GIVEN DATA below:
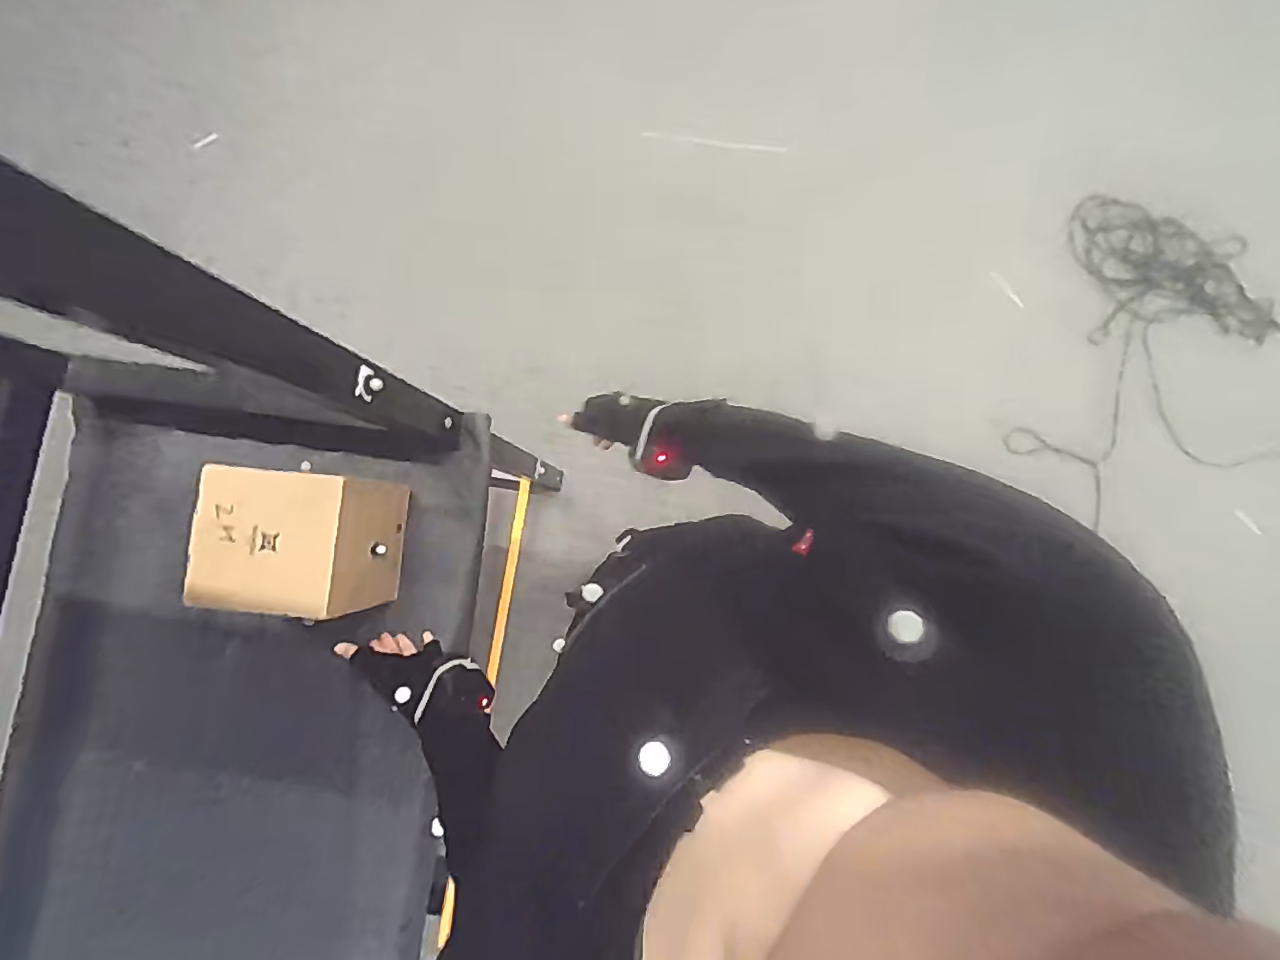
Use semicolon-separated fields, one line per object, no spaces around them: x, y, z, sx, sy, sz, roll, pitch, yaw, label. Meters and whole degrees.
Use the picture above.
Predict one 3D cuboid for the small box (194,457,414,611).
-0.422;0.067;0.710;0.179;0.176;0.168;5;86;4;small box
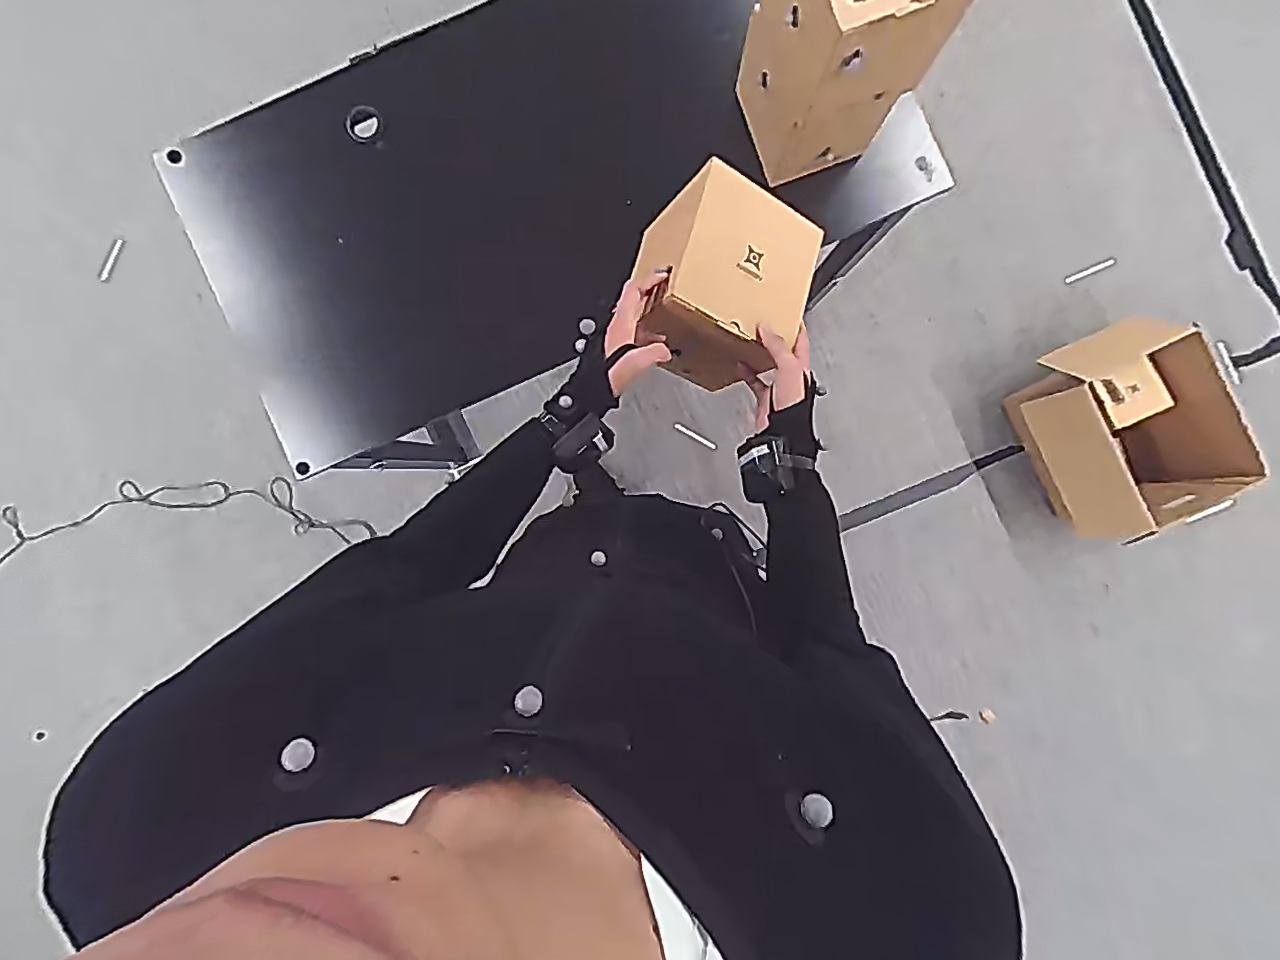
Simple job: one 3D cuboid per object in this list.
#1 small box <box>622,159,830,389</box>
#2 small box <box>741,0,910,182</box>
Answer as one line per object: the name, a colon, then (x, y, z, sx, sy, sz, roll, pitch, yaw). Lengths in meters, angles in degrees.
small box: (0.097, -0.233, 0.664, 0.168, 0.176, 0.179, 21, 79, -23)
small box: (0.261, -0.591, 0.806, 0.168, 0.176, 0.179, -19, 90, 2)
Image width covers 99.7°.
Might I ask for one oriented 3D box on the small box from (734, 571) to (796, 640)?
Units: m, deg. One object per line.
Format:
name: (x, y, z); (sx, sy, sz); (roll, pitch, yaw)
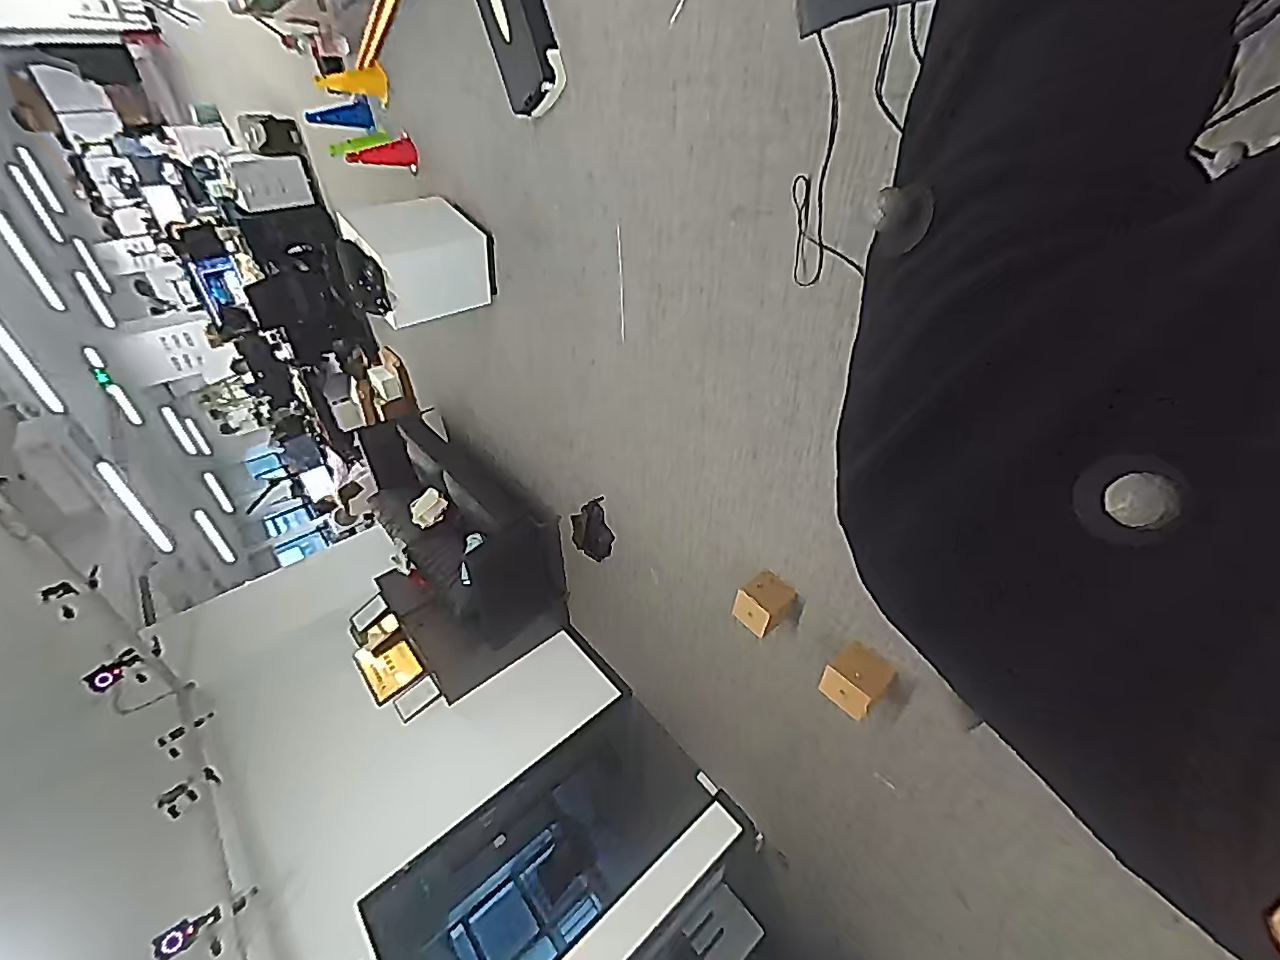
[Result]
small box: (0.508, 0.504, 2.195); (0.168, 0.176, 0.179); (40, 144, 34)

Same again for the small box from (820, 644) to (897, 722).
small box: (0.788, 0.723, 1.951); (0.179, 0.176, 0.168); (35, 140, 37)
End of GIVEN DATA.
§ TRY IT: In the records above, find the line that contains "Simple job: one" and repeat exactly that line and all lines after it to the end. Do not include pictures.

§ YOUR RESPONSE:
Simple job: one 3D cuboid per object in this list.
#1 small box <box>622,159,830,389</box>
#2 small box <box>741,0,910,182</box>
Answer as one line per object: the name, a colon, then (x, y, z, sx, sy, sz, roll, pitch, yaw). Lengths in meters, angles in degrees.
small box: (0.097, -0.233, 0.664, 0.168, 0.176, 0.179, 21, 79, -23)
small box: (0.261, -0.591, 0.806, 0.168, 0.176, 0.179, -19, 90, 2)
Image width covers 99.7°.
Might I ask for one oriented 3D box on the small box from (734, 571) to (796, 640)?
Units: m, deg. One object per line.
Format:
name: (x, y, z); (sx, sy, sz); (roll, pitch, yaw)
[Result]
small box: (0.508, 0.504, 2.195); (0.168, 0.176, 0.179); (40, 144, 34)

Same again for the small box from (820, 644) to (897, 722).
small box: (0.788, 0.723, 1.951); (0.179, 0.176, 0.168); (35, 140, 37)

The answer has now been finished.